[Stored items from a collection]

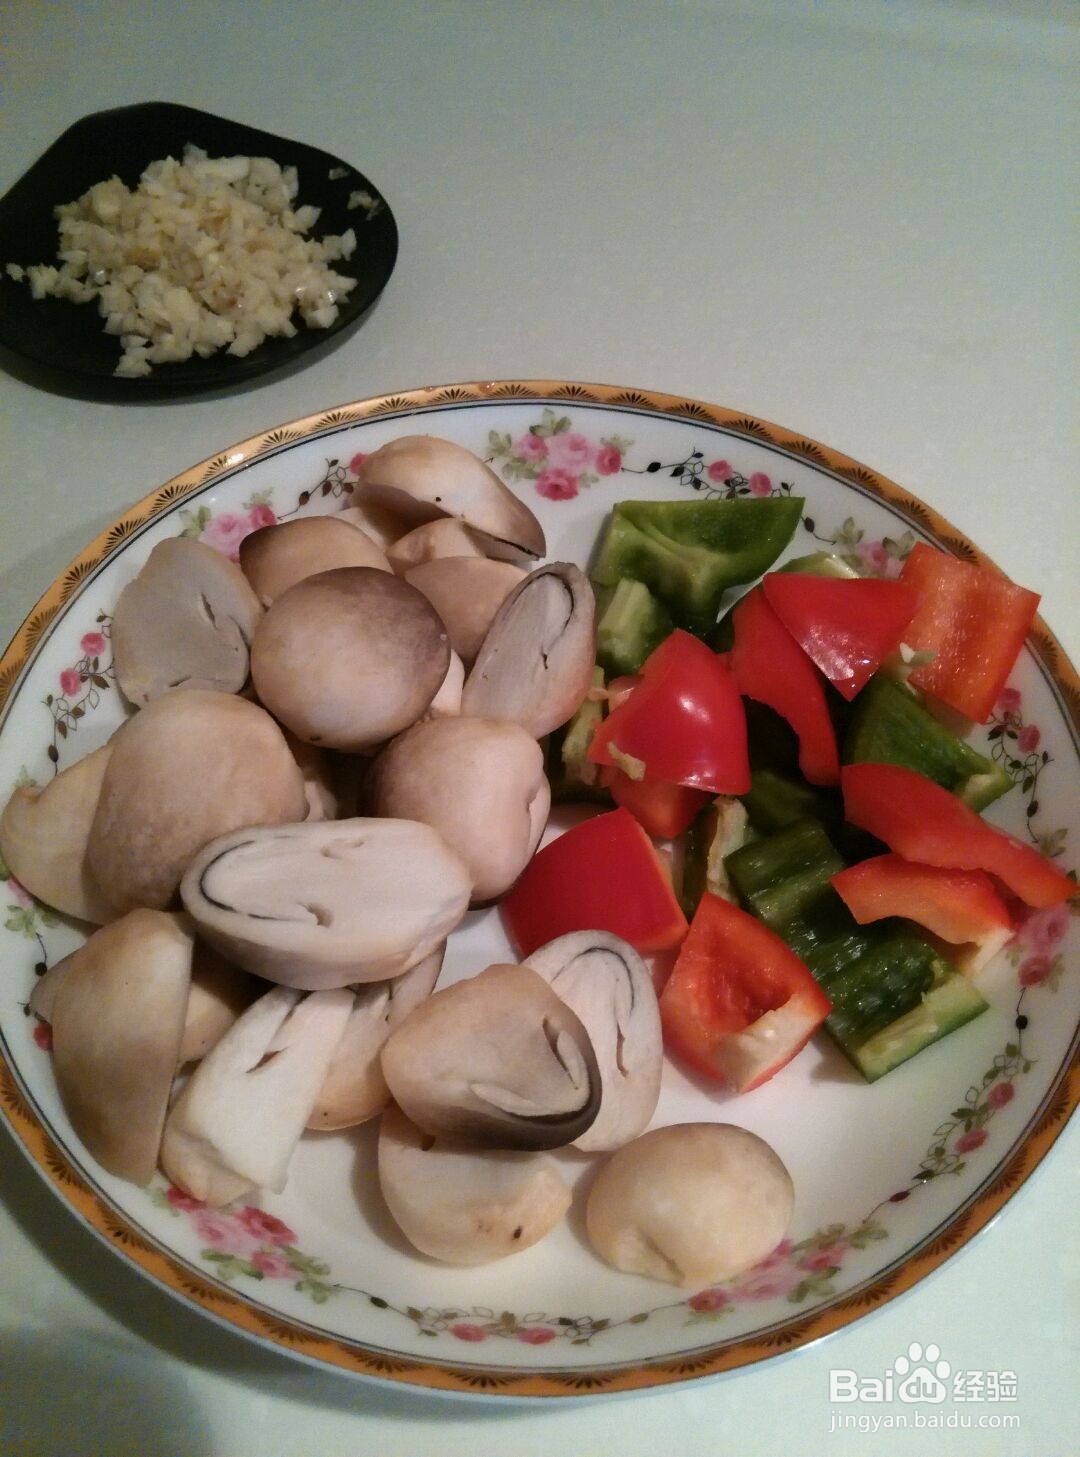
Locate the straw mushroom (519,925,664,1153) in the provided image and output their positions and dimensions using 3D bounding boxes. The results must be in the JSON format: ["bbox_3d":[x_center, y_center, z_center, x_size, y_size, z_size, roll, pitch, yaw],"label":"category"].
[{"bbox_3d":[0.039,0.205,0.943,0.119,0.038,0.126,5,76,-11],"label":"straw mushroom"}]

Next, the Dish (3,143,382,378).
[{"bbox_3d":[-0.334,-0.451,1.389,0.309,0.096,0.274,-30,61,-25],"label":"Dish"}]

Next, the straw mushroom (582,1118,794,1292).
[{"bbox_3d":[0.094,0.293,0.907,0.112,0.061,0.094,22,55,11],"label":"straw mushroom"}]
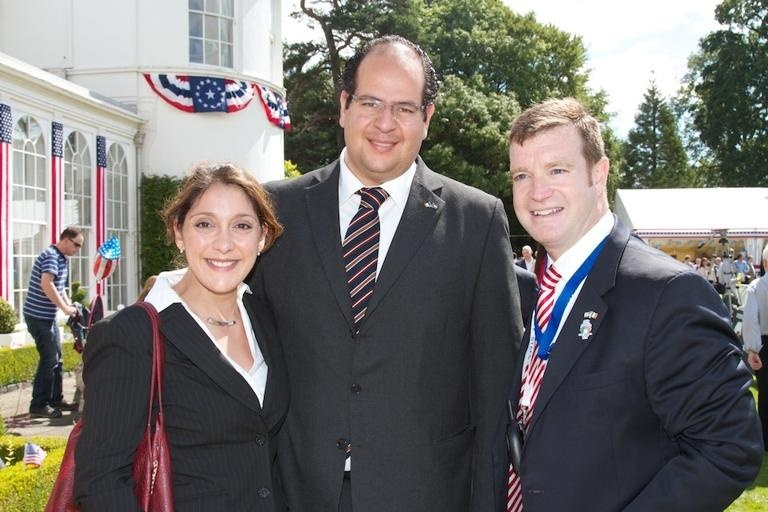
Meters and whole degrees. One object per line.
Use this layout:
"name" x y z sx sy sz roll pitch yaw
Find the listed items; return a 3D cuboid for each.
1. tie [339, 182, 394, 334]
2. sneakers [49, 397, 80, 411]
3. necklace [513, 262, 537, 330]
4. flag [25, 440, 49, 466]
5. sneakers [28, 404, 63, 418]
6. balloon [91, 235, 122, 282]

Work item =
Find the count of lines in the data above where the string "sneakers" occurs. Provide that number alone.

Result for this exercise =
2